Scott authored a wonderful graduate level text on developmental  
biology many years back which he obviously must periodically update  
to keep it relevant.  Each time he must do so, one of THE most  
daunting tasks is reviewing, disambiguating, and bringing order to  
the vast variety of gene/mutant/allele names and naming conventions.   
As you might guess, in trying to cover broad the topic of  
developmental biology, he must deal with 1000s of these names and  
with focus on the myriad of biological observations made for each  
figuring out how to fit all the facts associated with the names into  
a coherent story.  He must also look to the work he'd done on this  
task of handling the chaotic universe of names in the previous  
edition of the book, adjusting his usage of terms to bring it up to  
date with the results of his current review of the name space.  This  
is a task I'd not wish on my worst enemy.

Sorry to belabor this topic.  I expect most of us have had to deal  
with some aspect of this problem through the years and are quite  
familiar with it.  As we all know, the situation has improved  
substantially given the knowledge resources that have been created in  
the last decade to bring order to this world of names.   
Unfortunately, usage of these resources is still rather limited when  
you consider the broad scope of all literature - and text annotations  
of data.  Even IF they were more broadly adopted, there are still  
many ways in which the context of their use by us fallible and  
imprecise humans - no matter what our level of expertise - would  
still lead to many uncomputable ambiguities and inconsistencies.   
This is a topic on which Bob Futrelle has provided very useful  
references and thoughts here on this list.

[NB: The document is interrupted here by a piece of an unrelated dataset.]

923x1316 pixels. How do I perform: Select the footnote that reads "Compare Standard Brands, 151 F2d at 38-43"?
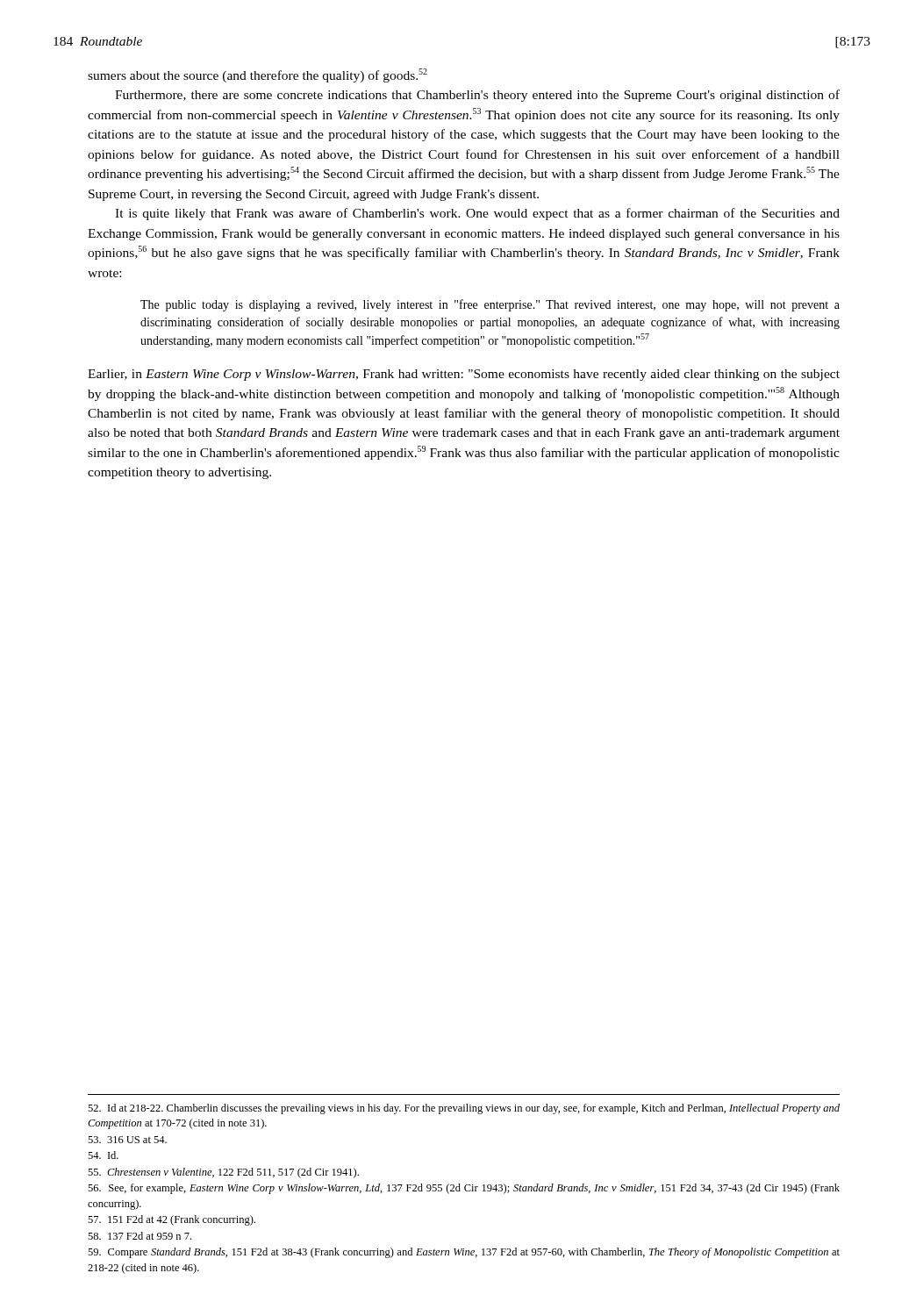point(464,1260)

More recently, as I've had to adopt ways of formally expressing  
phenotype in a manner that avoids convolving/pre-coordinating  
entities from distinct ontological domains, I've come to realize  
again how problematic it can be to encode so much information in a  
name that is ALSO meant to provide an identifier for a specific class  
of biological entities be they continuants/endurants or occurrents.   
Naming of phenotypic mutants in mouse is a good example.  Look at the  
MPO terms used to describe the mutant phenotype observations made on  
the following genotype:

http://www.informatics.jax.org/searches/accession_report.cgi?id=MGI: 
3038539

These are excellent terms to encapsulate the complexity of the  
observation made by the researchers who've been phenotyping mouse  
mutants for nearly a century.  Tasks which focus on providing a means  
to capture this work and represent it for human perusal profit  
greatly from term lists like this.  They don't map well into an  
ontology of the relevant knowledge domains however.

This points to an obvious way in which characterizing the scientific  
lexicon has been extremely valuable.  I know from days working at the  
Biological Abstracts where I was responsible for creating products  
someone was willing to pay money for that in comprehensively  
monitoring terms from the literature used to describe/label  
biological phenomena, you stand a much better chance of creating an  
accurate and comprehensive search system (mutually optimal precision  
& retrieval in IR vernacular) for lexical descriptions of biological  
phenomena - whether they appear in the literature itself or in free  
text descriptions applied to records in data repositories.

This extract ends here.